>>2211>I'll post my extended predictions in my next reply:1. The nuclear soveriegnty deep state will stay intact. The taxation capability, rebellion suppression, intelligence agencies, core especially nuclear military forces, and military-adjacent industrial ecosystem are simply too important to too many live players to be dropped on the floor. Decay may drop almost every other function of the central state, but these will remain as the kernel of the state. Even in a total state collapse as in Russia, these functions were preserved by far-seeing live players. But after the current collapse cycle, we could also see a resurgence of meritocracy within this system.
2. The modern unitary state will otherwise fragment into bureaucratic feudalism. As everything else gets worse in the decay of the unitary modern state, bureaucracies and agencies will take on an increasingly feudal relation to each other and central power. We already see bureaucracies setting their own foreign policies, acquiring their own funding streams, having their own self-preservation logic, and even having their own armed forces. Roscosmos and Gazprom deployed troops in Ukraine. The line between regulatory capture and bureaucratic independence will blur, leaving a patchwork of function-serving but self-interested national champion agencies in a state of feudal competition and cooperation with each other. Much of this politics will take place within the legitimacy and legal frameworks of the central state just as Charlemagne and William the conqueror needed imprimateur from the pope.

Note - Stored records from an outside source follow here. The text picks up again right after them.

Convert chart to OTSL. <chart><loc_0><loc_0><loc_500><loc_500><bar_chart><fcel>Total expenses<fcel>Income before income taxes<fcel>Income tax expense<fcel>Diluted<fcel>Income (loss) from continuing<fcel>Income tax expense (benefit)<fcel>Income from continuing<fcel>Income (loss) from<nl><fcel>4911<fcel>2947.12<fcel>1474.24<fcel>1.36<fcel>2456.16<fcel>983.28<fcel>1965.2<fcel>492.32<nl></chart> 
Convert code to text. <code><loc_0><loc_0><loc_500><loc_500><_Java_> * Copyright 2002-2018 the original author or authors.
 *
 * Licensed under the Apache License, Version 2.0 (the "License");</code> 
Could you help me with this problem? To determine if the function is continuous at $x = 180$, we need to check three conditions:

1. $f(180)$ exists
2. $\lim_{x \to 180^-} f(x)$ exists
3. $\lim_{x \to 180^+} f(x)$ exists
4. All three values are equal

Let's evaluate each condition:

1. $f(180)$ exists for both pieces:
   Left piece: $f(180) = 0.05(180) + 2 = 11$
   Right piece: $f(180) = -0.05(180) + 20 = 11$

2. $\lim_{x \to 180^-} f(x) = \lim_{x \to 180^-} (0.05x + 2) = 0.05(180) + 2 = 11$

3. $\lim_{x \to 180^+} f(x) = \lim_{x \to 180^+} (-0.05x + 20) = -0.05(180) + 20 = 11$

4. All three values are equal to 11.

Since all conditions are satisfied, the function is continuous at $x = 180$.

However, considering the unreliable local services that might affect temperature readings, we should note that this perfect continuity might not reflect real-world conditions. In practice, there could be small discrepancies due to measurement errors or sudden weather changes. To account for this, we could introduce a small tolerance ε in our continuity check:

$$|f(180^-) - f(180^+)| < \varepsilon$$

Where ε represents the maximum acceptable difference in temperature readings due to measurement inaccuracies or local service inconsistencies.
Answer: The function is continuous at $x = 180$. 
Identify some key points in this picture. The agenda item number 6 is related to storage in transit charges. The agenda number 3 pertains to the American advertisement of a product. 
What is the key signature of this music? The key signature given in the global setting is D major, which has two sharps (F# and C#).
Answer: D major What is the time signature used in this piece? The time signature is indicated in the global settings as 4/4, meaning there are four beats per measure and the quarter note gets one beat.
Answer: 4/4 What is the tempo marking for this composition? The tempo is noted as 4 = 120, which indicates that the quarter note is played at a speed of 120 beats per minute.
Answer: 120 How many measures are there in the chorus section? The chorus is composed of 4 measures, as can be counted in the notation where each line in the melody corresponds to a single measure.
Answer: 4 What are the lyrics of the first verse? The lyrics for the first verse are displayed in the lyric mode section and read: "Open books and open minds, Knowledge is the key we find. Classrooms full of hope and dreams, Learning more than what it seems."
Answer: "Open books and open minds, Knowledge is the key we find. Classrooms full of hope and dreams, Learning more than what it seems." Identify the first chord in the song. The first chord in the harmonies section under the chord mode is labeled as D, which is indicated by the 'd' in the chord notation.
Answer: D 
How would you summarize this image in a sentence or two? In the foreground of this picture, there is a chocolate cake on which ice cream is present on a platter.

3. Competetive firms (and agencies) will need in-house human capital. National culture and education increasingly can't product human capital. No one reproduces, no one can read, no one has a work ethic. Firms and states compete for the remaining functional human capital. This is a key contradiction in the modern system: human capital is not on the ledger of capitalist firms; they are pure consumers of it and cannot afford to produce it because they don't own it. But cults escape this: a cult that owns its human capital can get below-market labor and also afford to train them and help them reproduce. For example, I've heard of a construction firm that wins because it can get mormon FLDS guys to work for below market rates in exchange for FLDS wives. Many remaining religious communities are trending this way too, besides the obvious ones like the Amish. OpenAI is largely a rationalist operation, and the rationalist cult overall is doing well financially. Even if they haven't yet cracked above-replacement reproduction, any cult that does will take an increasing share of a shrinking future.
On that last point: the key contradiction of the modern regimes is the human capital question. Only a state or firm or cult that couples its economic development imperatives to the reproduction and improvement of its biological substrate is truly sustainable. Everything else is going to burn out. Midcentury modern regimes tried this at the national scale, but couldn't sustain it for longer than a generation nor make the national and international politics work (maybe next time?). But the right equilibrium might actually be a competetive social darwinist landscape of cult-firm-polis-agencies that produce and retain their own human capital and relate to each other and higher powers in a feudal patchwork. The key thing is coupling the economic logic to the human logic through "firms" that own both.
Another way of seeing the problem is that the modern liberal regime places the human subject beyond the reach of social planning (their individual preferences are notionally axiomatic). But this means human problems that need planning don't get solved, we get incoherent consumerist economics (waste!), and we get incoherent politics swamped with irrational manipulation.